Around 1993, Hong Kong grassroots singer Billy (real name Kong Fanqiang) learned the song from a friend he met during the movement, and got the score handwritten by Huang Huizhen in 1984, but he thinks the lyrics of this version are out of tune and difficult to sing in Cantonese. In 1998, Billy formed the social movement band Noise Cooperative and heard Taiwan's "Battle Hymn of Labor". The following year, the Noise Cooperative rewrote and sang a new Cantonese version while retaining the title of "Love 's Battle".

In 2005, during the anti-WTO parade launched by South Korean farmers in Hong Kong, some Hong Kong citizens sang this song to express their support for the South Korean peasant demonstrators. In addition, labor movements such as the May Day parade in Hong Kong in 2015 and the Hoi Lai Village cleaners' strike in 2017, as well as the Occupy Central movement in 2014 all featured this song.

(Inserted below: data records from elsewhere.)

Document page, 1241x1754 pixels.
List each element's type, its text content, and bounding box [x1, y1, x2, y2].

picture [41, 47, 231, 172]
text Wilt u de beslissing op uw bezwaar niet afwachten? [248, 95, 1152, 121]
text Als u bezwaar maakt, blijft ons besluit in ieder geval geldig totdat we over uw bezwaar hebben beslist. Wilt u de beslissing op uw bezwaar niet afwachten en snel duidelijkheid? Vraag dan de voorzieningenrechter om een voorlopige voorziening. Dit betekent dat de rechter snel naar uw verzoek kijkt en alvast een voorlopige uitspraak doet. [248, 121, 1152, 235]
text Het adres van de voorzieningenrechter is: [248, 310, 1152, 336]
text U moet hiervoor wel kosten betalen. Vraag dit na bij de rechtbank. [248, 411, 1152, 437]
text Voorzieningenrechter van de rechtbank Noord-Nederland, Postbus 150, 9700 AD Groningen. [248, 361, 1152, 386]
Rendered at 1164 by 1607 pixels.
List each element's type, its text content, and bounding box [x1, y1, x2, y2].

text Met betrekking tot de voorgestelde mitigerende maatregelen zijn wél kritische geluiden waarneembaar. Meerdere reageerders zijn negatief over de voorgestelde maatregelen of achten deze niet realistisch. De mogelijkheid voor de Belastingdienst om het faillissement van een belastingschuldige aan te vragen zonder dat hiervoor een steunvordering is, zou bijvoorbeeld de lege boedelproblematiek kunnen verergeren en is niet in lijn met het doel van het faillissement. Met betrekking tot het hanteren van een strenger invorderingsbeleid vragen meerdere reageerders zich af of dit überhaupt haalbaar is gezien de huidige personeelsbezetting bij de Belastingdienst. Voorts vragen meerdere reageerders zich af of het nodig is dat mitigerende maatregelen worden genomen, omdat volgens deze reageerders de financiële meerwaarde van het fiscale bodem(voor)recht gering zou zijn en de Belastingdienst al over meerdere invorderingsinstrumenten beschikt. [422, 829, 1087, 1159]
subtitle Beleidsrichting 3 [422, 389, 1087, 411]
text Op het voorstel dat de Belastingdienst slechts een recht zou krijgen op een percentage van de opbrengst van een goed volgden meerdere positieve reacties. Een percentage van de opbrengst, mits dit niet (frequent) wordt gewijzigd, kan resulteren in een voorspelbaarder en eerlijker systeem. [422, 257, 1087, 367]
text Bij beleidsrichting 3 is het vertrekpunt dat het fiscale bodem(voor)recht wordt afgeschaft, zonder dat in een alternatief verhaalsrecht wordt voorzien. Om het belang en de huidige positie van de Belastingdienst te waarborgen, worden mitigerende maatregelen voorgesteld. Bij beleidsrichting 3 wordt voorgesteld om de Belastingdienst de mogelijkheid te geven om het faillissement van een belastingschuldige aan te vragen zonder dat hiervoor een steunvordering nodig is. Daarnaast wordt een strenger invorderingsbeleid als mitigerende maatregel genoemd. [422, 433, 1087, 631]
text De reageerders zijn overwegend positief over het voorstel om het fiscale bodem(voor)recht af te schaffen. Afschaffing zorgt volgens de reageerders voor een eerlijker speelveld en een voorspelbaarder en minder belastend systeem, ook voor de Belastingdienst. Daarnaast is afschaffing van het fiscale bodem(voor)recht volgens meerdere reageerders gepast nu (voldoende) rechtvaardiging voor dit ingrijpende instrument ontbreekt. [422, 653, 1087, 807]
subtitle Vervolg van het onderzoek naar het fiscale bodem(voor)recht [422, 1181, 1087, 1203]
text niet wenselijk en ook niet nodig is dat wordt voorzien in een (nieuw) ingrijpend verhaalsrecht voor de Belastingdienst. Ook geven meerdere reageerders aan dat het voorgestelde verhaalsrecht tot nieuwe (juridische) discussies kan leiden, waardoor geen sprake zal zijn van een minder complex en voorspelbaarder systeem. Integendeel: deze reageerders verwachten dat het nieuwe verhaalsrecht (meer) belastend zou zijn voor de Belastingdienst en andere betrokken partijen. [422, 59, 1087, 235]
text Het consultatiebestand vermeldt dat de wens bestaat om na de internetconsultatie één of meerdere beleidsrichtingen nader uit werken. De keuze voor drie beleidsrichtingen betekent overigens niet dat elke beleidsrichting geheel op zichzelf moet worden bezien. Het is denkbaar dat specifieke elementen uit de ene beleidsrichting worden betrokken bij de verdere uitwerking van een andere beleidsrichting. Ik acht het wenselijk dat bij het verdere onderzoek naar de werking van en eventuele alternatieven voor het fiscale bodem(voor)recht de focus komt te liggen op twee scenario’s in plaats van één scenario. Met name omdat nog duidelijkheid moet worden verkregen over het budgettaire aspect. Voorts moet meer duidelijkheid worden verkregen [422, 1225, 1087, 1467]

On September 27, 2017, to commemorate the third anniversary of the official start of the Occupy Central movement on September 28, 2014, Hong Kong social activist and singer Jin Peiwei re-wrote the lyrics and sang the Cantonese version of "Umbrella March" and uploaded it to her YouTube channel.

During the anti-extradition bill movement that broke out in 2019, Jin Peiwei and other demonstrators publicly sang this version of the song many times.

====Mainland China====
In the 2007 album "Singing for the Laborers", the Workers' Band Migrant Youth Art Troupe in Mainland China sang "March Dedicated to You" into a Chinese version of "Ode to Laborers ", and the lyricist was Sun Heng, a member of the band. As musicians who are also enthusiastic about the labor movement, the Migrant Youth Art Troupe maintains a good relationship with Taiwan's black hand Nakashi Workers Band and Hong Kong's Noise Cooperative, and it was Billy of the Noise Cooperative who encouraged them to contribute to this song Created the mainland version. From 2012 to 2018, the non-governmental organization Beijing Workers' Home, founded by Sun Heng, held the "Migrant Workers' Spring Festival Gala" for migrant workers in Pi Village, Jinzhan Township, Chaoyang District, Beijing, and sang this song "Ode to Laborers" every year. However, because the lyrics of "Hymn to Laborers" focus on praising "laborers are the most glorious", they did not highlight the spirit of resistance in the original version and other versions, which caused some controversy .

====Thailand ====
The Thai version is called "Unity" or "Solidarity" (Thai: โซลิดาริตี้), which was sung by Paradon (Thai: ภราดร ), a Thai female labor band founded in 1993. It was sung during the 2006 demonstrations against the Thailand-U.S. Free Trade Agreement.